BEGIN GIVEN DATA
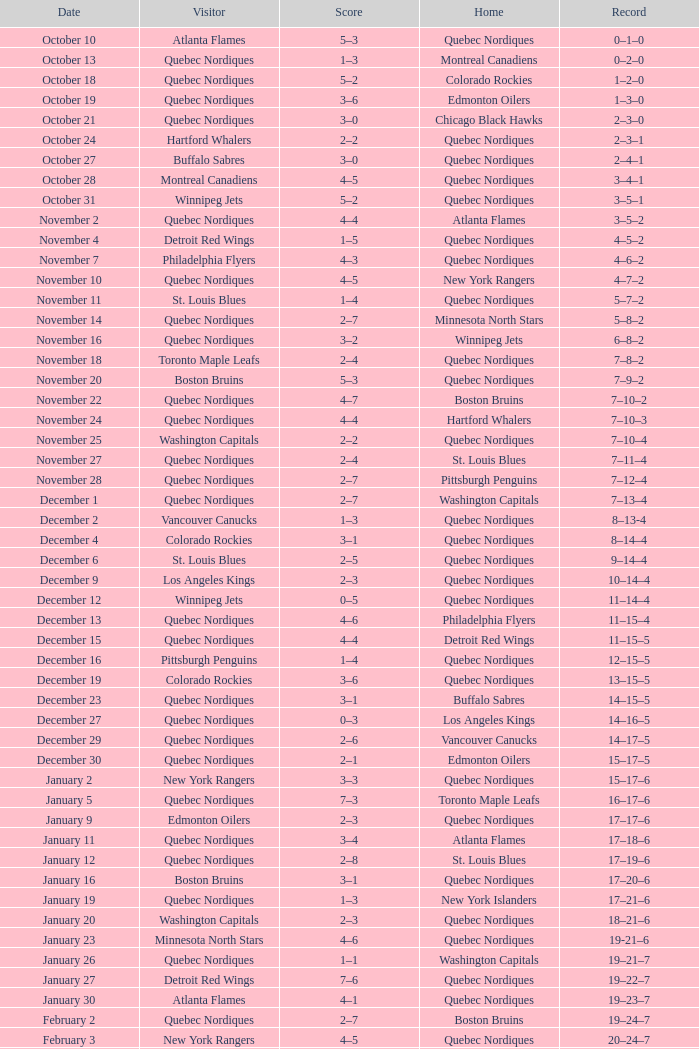Which Home has a Date of april 1? Quebec Nordiques. 
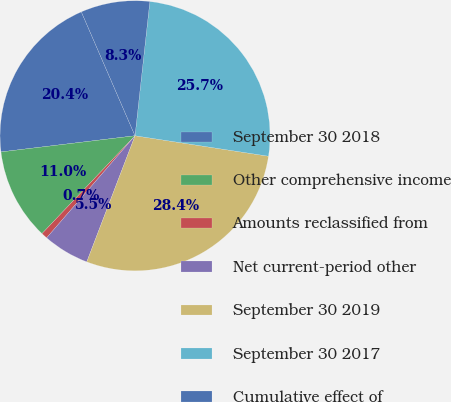<chart> <loc_0><loc_0><loc_500><loc_500><pie_chart><fcel>September 30 2018<fcel>Other comprehensive income<fcel>Amounts reclassified from<fcel>Net current-period other<fcel>September 30 2019<fcel>September 30 2017<fcel>Cumulative effect of<nl><fcel>20.4%<fcel>10.99%<fcel>0.74%<fcel>5.54%<fcel>28.39%<fcel>25.67%<fcel>8.26%<nl></chart> 
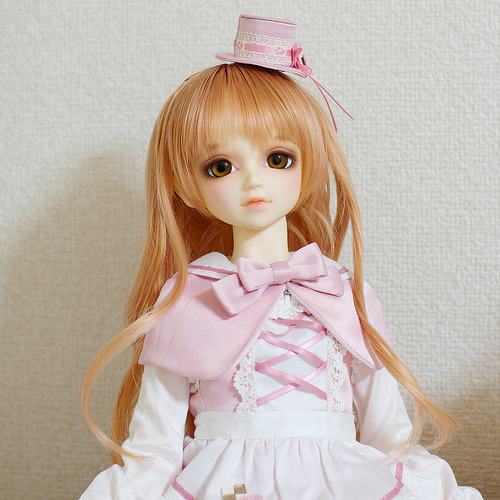<image>
Is there a hat on the wall? No. The hat is not positioned on the wall. They may be near each other, but the hat is not supported by or resting on top of the wall. 
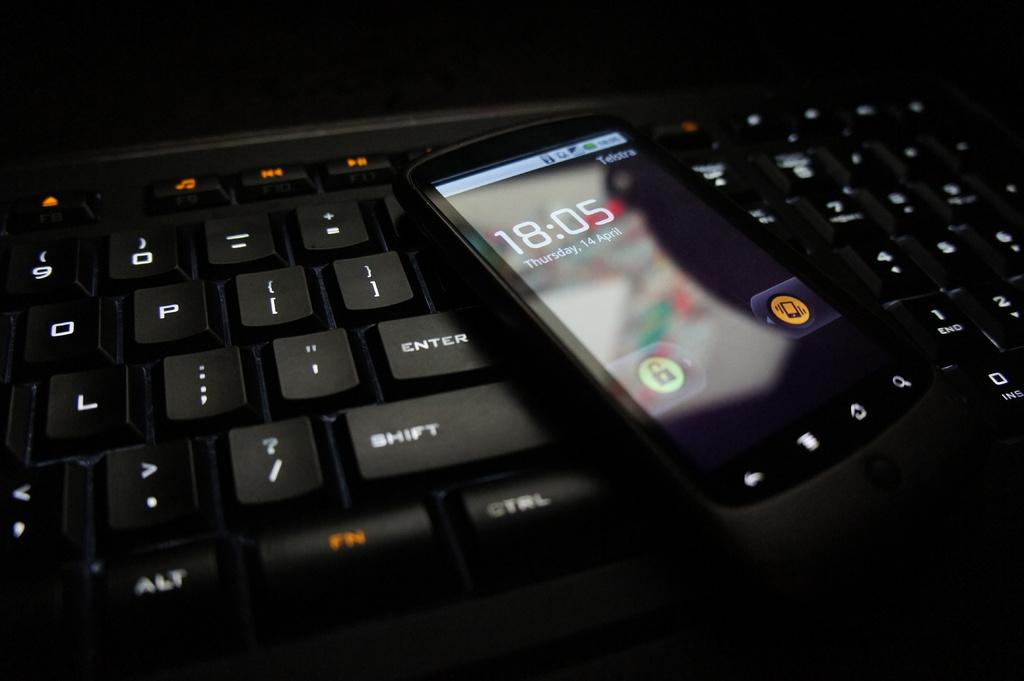<image>
Give a short and clear explanation of the subsequent image. A black phone shows the time as 18:05 on Thursday the 14th of April. 
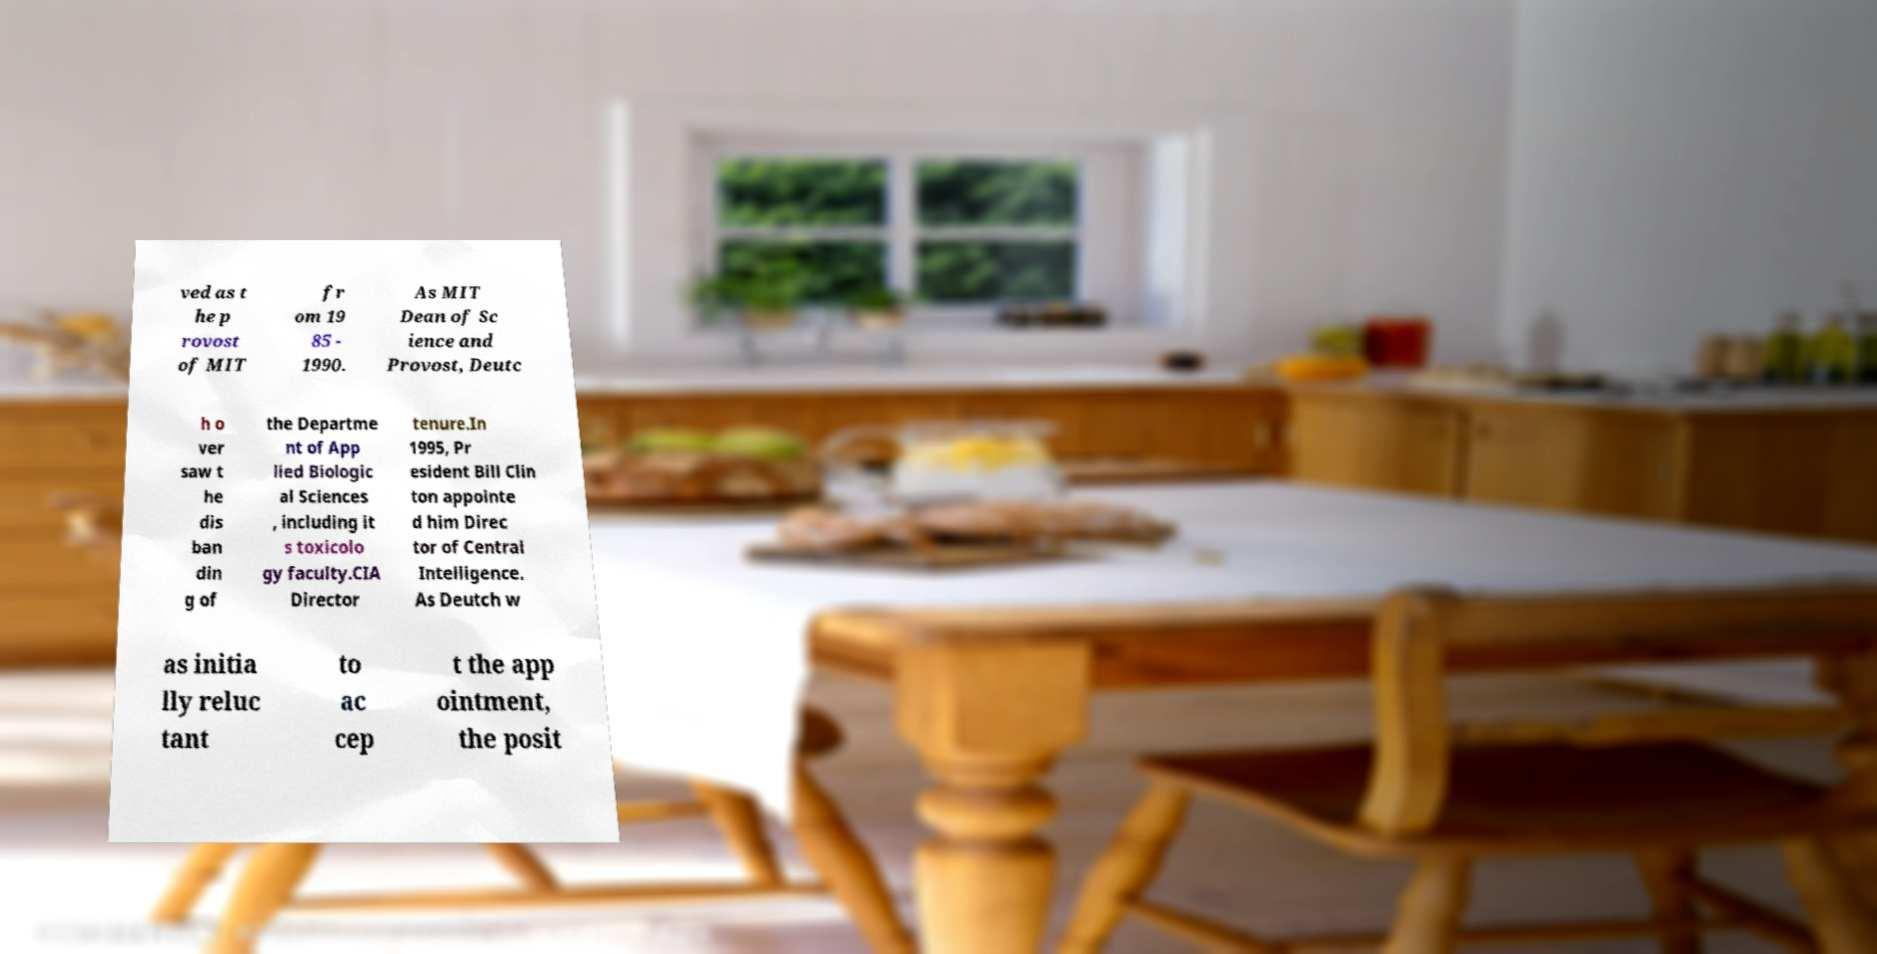Please identify and transcribe the text found in this image. ved as t he p rovost of MIT fr om 19 85 - 1990. As MIT Dean of Sc ience and Provost, Deutc h o ver saw t he dis ban din g of the Departme nt of App lied Biologic al Sciences , including it s toxicolo gy faculty.CIA Director tenure.In 1995, Pr esident Bill Clin ton appointe d him Direc tor of Central Intelligence. As Deutch w as initia lly reluc tant to ac cep t the app ointment, the posit
END GIVEN DATA
Within the material above, find the part that opens with the line containing "30 2018<fcel>Other comprehensive" and closes with the line containing "Give a short", and reproduce it exactly without the pictures.

<chart> <loc_0><loc_0><loc_500><loc_500><pie_chart><fcel>September 30 2018<fcel>Other comprehensive income<fcel>Amounts reclassified from<fcel>Net current-period other<fcel>September 30 2019<fcel>September 30 2017<fcel>Cumulative effect of<nl><fcel>20.4%<fcel>10.99%<fcel>0.74%<fcel>5.54%<fcel>28.39%<fcel>25.67%<fcel>8.26%<nl></chart> 
<image>
Is there a hat on the wall? No. The hat is not positioned on the wall. They may be near each other, but the hat is not supported by or resting on top of the wall. 
<image>
Give a short and clear explanation of the subsequent image. A black phone shows the time as 18:05 on Thursday the 14th of April. 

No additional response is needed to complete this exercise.